- [Exercise description]: A faithful copy of all the records is needed, with the pictures omitted.

- [Excerpted records]:

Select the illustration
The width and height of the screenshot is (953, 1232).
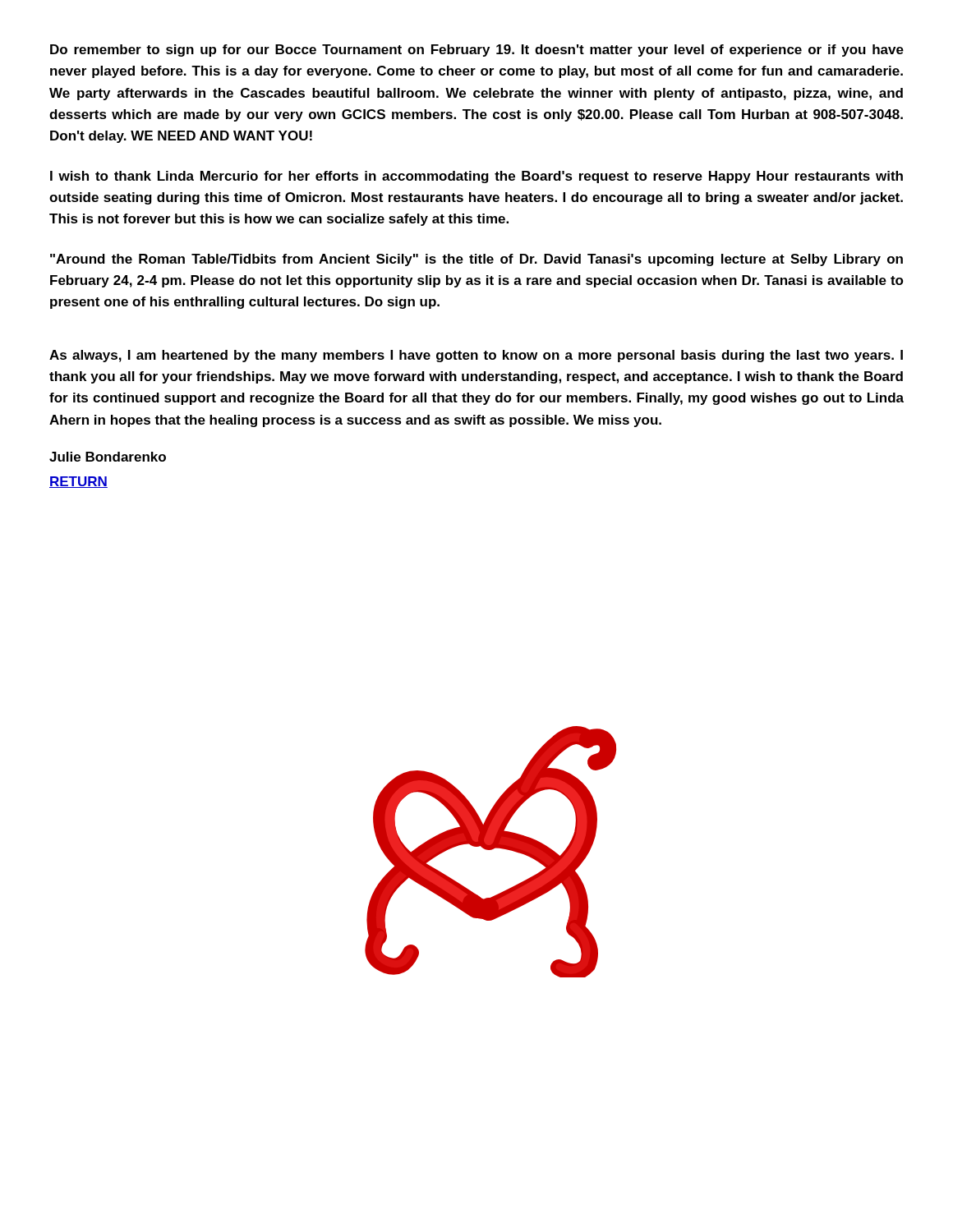(476, 846)
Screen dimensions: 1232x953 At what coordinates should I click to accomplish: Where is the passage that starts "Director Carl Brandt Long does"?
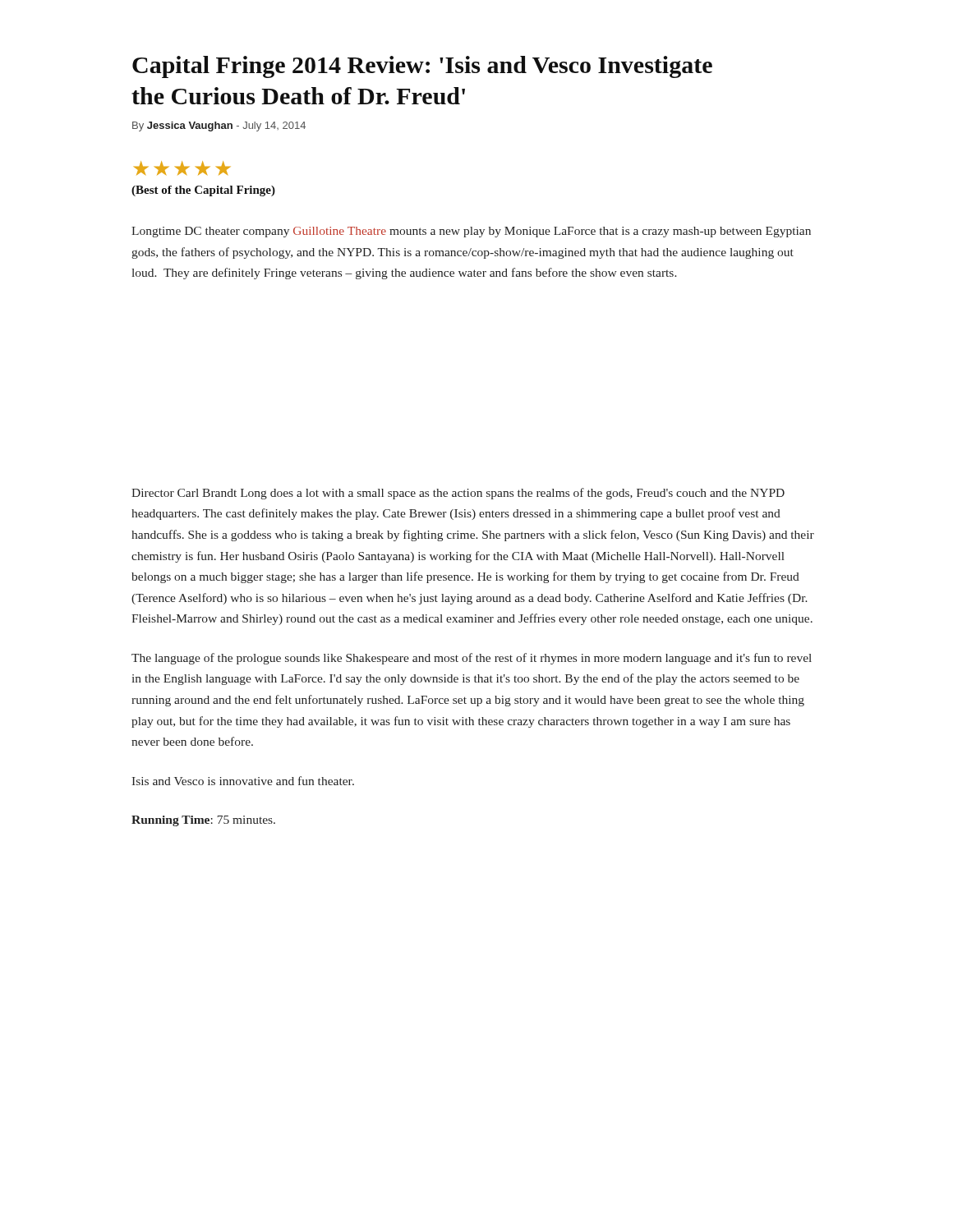pyautogui.click(x=473, y=555)
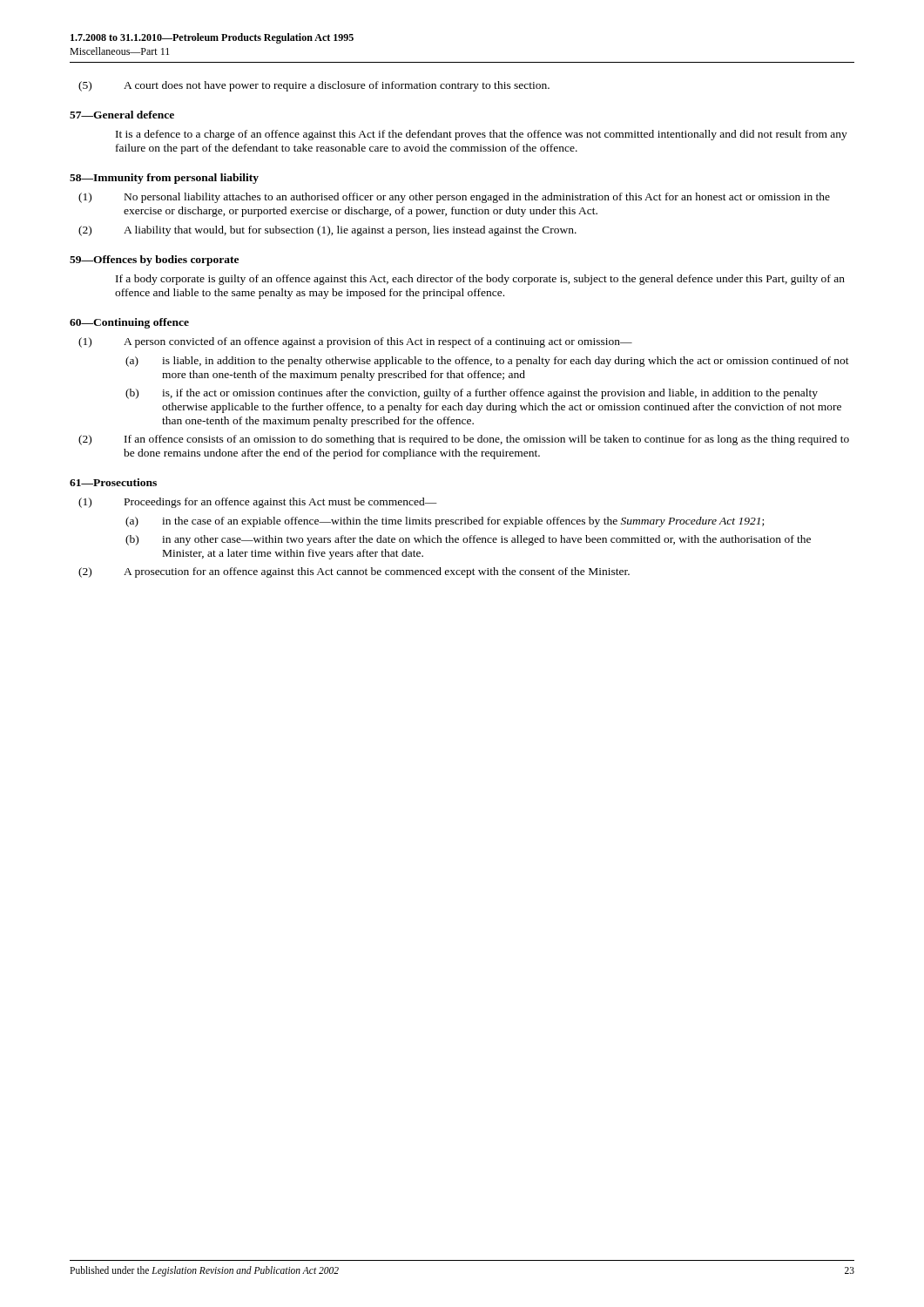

- [Output for this exercise]:
Select the illustration
The width and height of the screenshot is (953, 1232).
(476, 846)
Screen dimensions: 1232x953 At what coordinates should I click to accomplish: Where is the passage that starts "Director Carl Brandt Long does"?
pyautogui.click(x=473, y=555)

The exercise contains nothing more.